C’est la Cour d’Appel de Paris, autrement composée, qui a été désignée pour statuer après cet arrêt.

La Cour a fait preuve de résistance et a refusé de s’incliner devant l’arrêt de la Cour de Cassation en jugeant, par arrêt du 27 février 2014, que le gage sur stock n’est pas exclusif du gage de droit commun et que la banque, au profit de laquelle un gage a été constitué sans dépossession, a donc pu légalement constituer cette garantie dans les formes et conditions énoncées par le Code Civil.

Le pourvoi formé contre cet arrêt appelait une réponse de l’assemblée plénière de la Cour de Cassation.

C’est ce qu’elle a fait dans son arrêt du 07 décembre 2015 en jugeant que lorsque le gage est constitué sans dépossession au profit d’un établissement de crédit, et qu’il porte sur le stock, il ne peut être soumis au droit commun. Il doit nécessairement se soumettre aux dispositions qui sont énoncées dans le Code de Commerce.

Dans la note explicative de son arrêt, la Cour de Cassation justifie cette décision en relevant que plusieurs dispositions du Code de Commerce révèlent la spécificité du régime du gage sur stock et l’impossibilité de le soumettre aux règles du droit commun.

Elle constate ainsi, que certaines dispositions de la loi sur le gage sur stock sont d’ordre public, ce qui interdit toute dérogation à ce régime.

L’interdiction du pacte commissoire en est la marque.

Elle relève, en outre, la spécificité de ce régime qui ne porte que sur des stocks, et au profit de créanciers particuliers que sont les établissements de crédit et les sociétés de financement.

Elle en déduit que ce régime correspond à des impératifs économiques qui ne permettent pas aux établissements de crédit ou aux sociétés de financement, dont les crédits sont garantis par un gage sur stock sans dépossession de recourir à un autre régime que le régime spécial institué par le Code de Commerce.

Est-ce la fin de cette discussion ?

Le rôle de la Cour de Cassation n’est pas de se substituer aux juridictions du fond. La Cour de Cassation renvoie ainsi une nouvelle fois les parties pour qu’il soit à nouveau statué, mais cette fois devant la Cour d’Appel de Versailles, qui devrait s’incliner. Le bouleversement n’est donc pas à attendre d’elle. Il le sera sans doute davantage de la réforme du gage sur stock.

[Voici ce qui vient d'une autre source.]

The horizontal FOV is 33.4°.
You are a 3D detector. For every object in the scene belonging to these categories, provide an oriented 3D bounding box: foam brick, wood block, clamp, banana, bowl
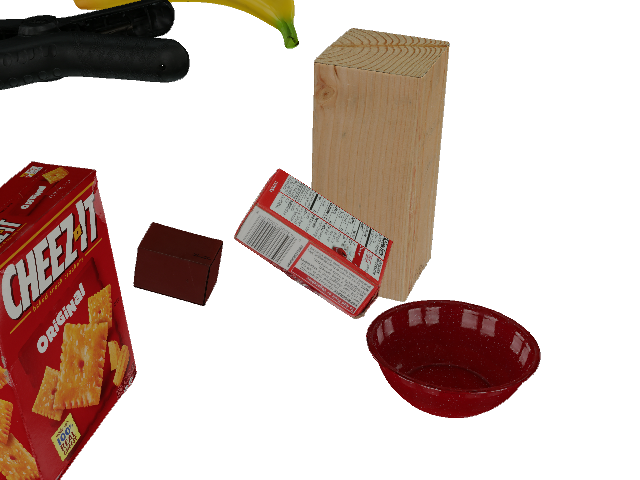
[{"bbox_3d":[-0.145,0.024,1.088,0.078,0.051,0.053,16,33,4],"label":"foam brick"},{"bbox_3d":[0.048,-0.064,0.910,0.091,0.206,0.090,12,32,18],"label":"wood block"},{"bbox_3d":[-0.163,-0.121,0.657,0.171,0.039,0.120,-1,21,-2],"label":"clamp"},{"bbox_3d":[-0.101,-0.202,0.860,0.198,0.069,0.037,12,-40,16],"label":"banana"},{"bbox_3d":[0.122,0.118,1.002,0.162,0.055,0.162,2,27,-1],"label":"bowl"}]

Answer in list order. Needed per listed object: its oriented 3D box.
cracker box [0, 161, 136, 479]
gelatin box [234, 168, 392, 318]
[{"bbox_3d":[-0.225,0.069,0.858,0.072,0.214,0.164,7,33,18],"label":"cracker box"},{"bbox_3d":[-0.002,0.001,0.643,0.089,0.030,0.073,34,22,-4],"label":"gelatin box"}]
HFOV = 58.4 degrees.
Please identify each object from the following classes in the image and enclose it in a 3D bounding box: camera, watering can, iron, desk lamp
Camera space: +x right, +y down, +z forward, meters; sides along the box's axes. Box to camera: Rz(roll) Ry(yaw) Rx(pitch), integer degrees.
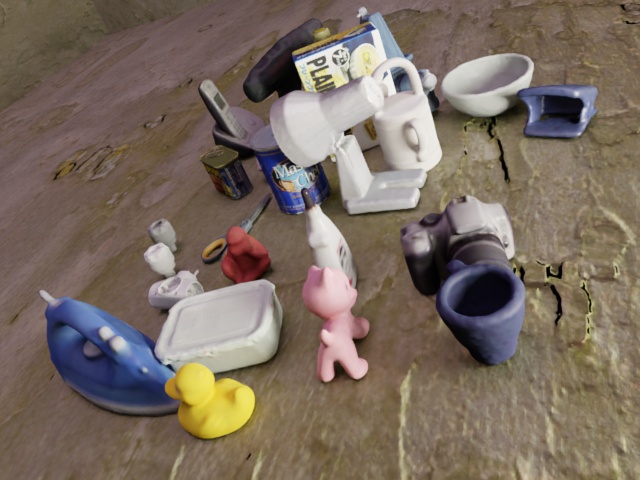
[{"bbox_3d":[0.176,0.018,0.713,0.143,0.101,0.136,-16,35,11],"label":"camera"},{"bbox_3d":[0.132,-0.216,0.976,0.101,0.194,0.172,-39,37,-22],"label":"watering can"},{"bbox_3d":[-0.292,0.144,0.780,0.257,0.142,0.119,11,47,40],"label":"iron"},{"bbox_3d":[0.045,-0.155,0.926,0.202,0.214,0.118,-4,38,26],"label":"desk lamp"}]

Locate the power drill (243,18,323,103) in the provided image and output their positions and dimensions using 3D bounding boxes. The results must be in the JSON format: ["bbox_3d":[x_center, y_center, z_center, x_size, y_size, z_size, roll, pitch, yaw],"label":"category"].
[{"bbox_3d":[-0.052,-0.335,1.235,0.230,0.209,0.075,-41,38,-25],"label":"power drill"}]

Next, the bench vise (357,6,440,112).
[{"bbox_3d":[0.153,-0.354,1.131,0.206,0.220,0.122,13,48,41],"label":"bench vise"}]

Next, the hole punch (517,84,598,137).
[{"bbox_3d":[0.387,-0.229,0.937,0.108,0.091,0.101,11,47,40],"label":"hole punch"}]

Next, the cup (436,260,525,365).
[{"bbox_3d":[0.175,0.082,0.631,0.091,0.095,0.117,-25,34,-2],"label":"cup"}]

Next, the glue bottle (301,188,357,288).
[{"bbox_3d":[0.007,0.003,0.768,0.037,0.173,0.078,-11,36,18],"label":"glue bottle"}]

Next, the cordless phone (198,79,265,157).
[{"bbox_3d":[-0.201,-0.287,1.279,0.094,0.185,0.147,-12,35,16],"label":"cordless phone"}]

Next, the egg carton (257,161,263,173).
[{"bbox_3d":[-0.061,-0.185,1.160,0.107,0.069,0.150,0,40,31],"label":"egg carton"}]

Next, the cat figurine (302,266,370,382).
[{"bbox_3d":[0.013,0.089,0.697,0.067,0.118,0.128,-14,35,14],"label":"cat figurine"}]

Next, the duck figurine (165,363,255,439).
[{"bbox_3d":[-0.136,0.183,0.684,0.104,0.086,0.077,-8,37,21],"label":"duck figurine"}]

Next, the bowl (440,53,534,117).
[{"bbox_3d":[0.312,-0.276,1.060,0.167,0.075,0.167,-16,35,11],"label":"bowl"}]

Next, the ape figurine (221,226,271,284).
[{"bbox_3d":[-0.120,0.020,0.893,0.077,0.092,0.076,-10,36,18],"label":"ape figurine"}]
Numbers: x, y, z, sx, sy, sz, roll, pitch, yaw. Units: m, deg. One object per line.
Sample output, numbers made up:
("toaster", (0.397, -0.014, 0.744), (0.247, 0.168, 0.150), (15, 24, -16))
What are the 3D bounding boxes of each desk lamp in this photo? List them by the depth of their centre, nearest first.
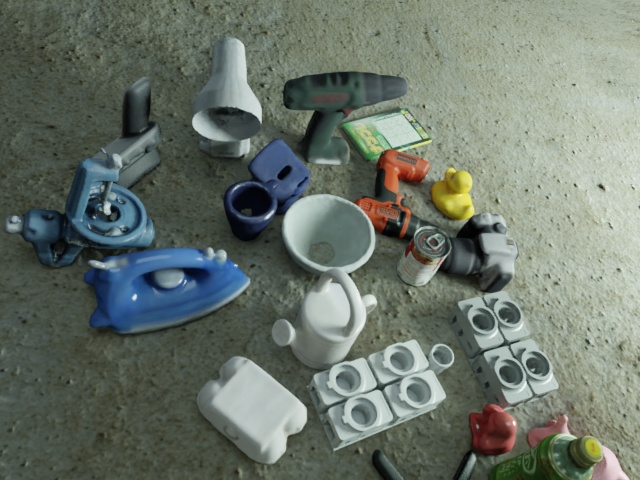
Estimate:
("desk lamp", (-0.174, -0.247, 1.058), (0.118, 0.213, 0.203), (2, 56, -13))

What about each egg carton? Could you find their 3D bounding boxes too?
("egg carton", (-0.099, 0.245, 0.828), (0.150, 0.069, 0.107), (36, 55, 11))

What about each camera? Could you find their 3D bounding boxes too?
("camera", (0.287, 0.014, 1.068), (0.137, 0.101, 0.143), (5, 55, -11))

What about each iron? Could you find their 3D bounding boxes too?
("iron", (-0.227, 0.053, 0.882), (0.259, 0.141, 0.118), (-10, 59, -20))

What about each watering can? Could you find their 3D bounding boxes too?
("watering can", (0.013, 0.119, 0.866), (0.100, 0.194, 0.173), (39, 56, 13))

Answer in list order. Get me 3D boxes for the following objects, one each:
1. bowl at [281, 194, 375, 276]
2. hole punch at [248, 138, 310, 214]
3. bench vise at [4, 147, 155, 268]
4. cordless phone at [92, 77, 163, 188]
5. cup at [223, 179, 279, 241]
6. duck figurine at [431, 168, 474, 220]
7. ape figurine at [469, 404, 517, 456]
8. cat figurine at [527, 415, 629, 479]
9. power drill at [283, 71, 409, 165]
("bowl", (0.009, 0.004, 1.019), (0.167, 0.074, 0.167), (7, 55, -10))
("hole punch", (-0.075, -0.121, 1.072), (0.101, 0.091, 0.109), (32, 55, 9))
("bench vise", (-0.358, -0.039, 0.862), (0.208, 0.219, 0.121), (-25, 65, -27))
("cordless phone", (-0.343, -0.189, 0.991), (0.094, 0.185, 0.148), (29, 54, 7))
("cup", (-0.118, -0.051, 1.011), (0.091, 0.095, 0.118), (36, 55, 11))
("duck figurine", (0.278, -0.098, 1.152), (0.078, 0.086, 0.104), (-20, 63, -25))
("ape figurine", (0.271, 0.290, 0.880), (0.076, 0.092, 0.078), (42, 57, 15))
("cat figurine", (0.397, 0.327, 0.871), (0.067, 0.117, 0.127), (-20, 63, -25))
("power drill", (0.036, -0.242, 1.112), (0.230, 0.208, 0.075), (1, 56, -13))

Car la loi du 06 août 2015 autorise le Gouvernement à réformer ce droit pour le rapprocher du droit commun, notamment en permettant la conclusion d’un pacte commissoire.

L’ordre public, qui a guidé l’assemblée plénière de la Cour de Cassation dans son analyse du régime de droit commun et du régime particulier du gage sur stock, ne sera peut-être plus l’argument qui justifiera la distinction de ces deux formes de sûreté.